However, his experience at Mors - and a visit to Ford's Rouge factory in Detroit to study methods of mass production - had convinced him that the future of motoring was not in expensive cars for the wealthy. After the interruption of World War One, Citroen went on to produce the Type A, billed as "Europe's first mass production car" and priced at less than Fr8,000.

By 1920, Citroen was making 100 cars a day, the upgraded Type B (10hp, 1,450cc) being launched in 1921.
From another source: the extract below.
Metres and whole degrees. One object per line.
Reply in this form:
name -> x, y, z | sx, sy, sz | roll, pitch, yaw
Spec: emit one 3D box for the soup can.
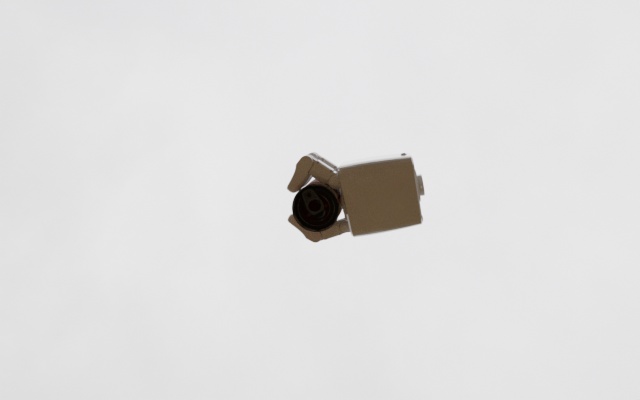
soup can -> 0.000, 0.002, 0.713 | 0.068, 0.068, 0.102 | 0, 10, 8

With new factories - including an assembly facility in Slough, England - Citroen was making 500 cars a day by the time the Type C (5CV) was introduced in 1927. Over 88,000 Type Cs were made, including pick-up trucks and delivery vans, equipping middle-class motorists and small business owners.

Larger cars followed: the hugely popular C4 of 1928 and, a year later, the six-cylinder C6 took the Citroen brand to the upper end of the market for the first time.

Presented at the 1928 Paris Motor Show, the C6 shared much of its engineering with the smaller 1.6-litre, 10hp C4, but was fitted with a 2,442cc six-cylinder engine, the company's first. This was rated at 14hp (the equivalent of around 45bhp by modern measurements) and worked with a three-speed gearbox; it was capable of over 100kph. Initially offered as a four- or five-seat saloon, Citroen went on to offer it in coupe, six-seater, "sports limousine", "sports five-seater", full limousine and seven-seater forms.

A longer and wider C6E model followed by summer 1929, with the even more spacious and better-upholstered C6F in the autumn. Updates brought the C6G, with engine enlarged to 2,650cc (15hp/50bhp, later 19.3hp and 20.8hp) and new soft engine-mounts to reduce vibration; nearly 18,000 of these were built between September 1931 and October 1933.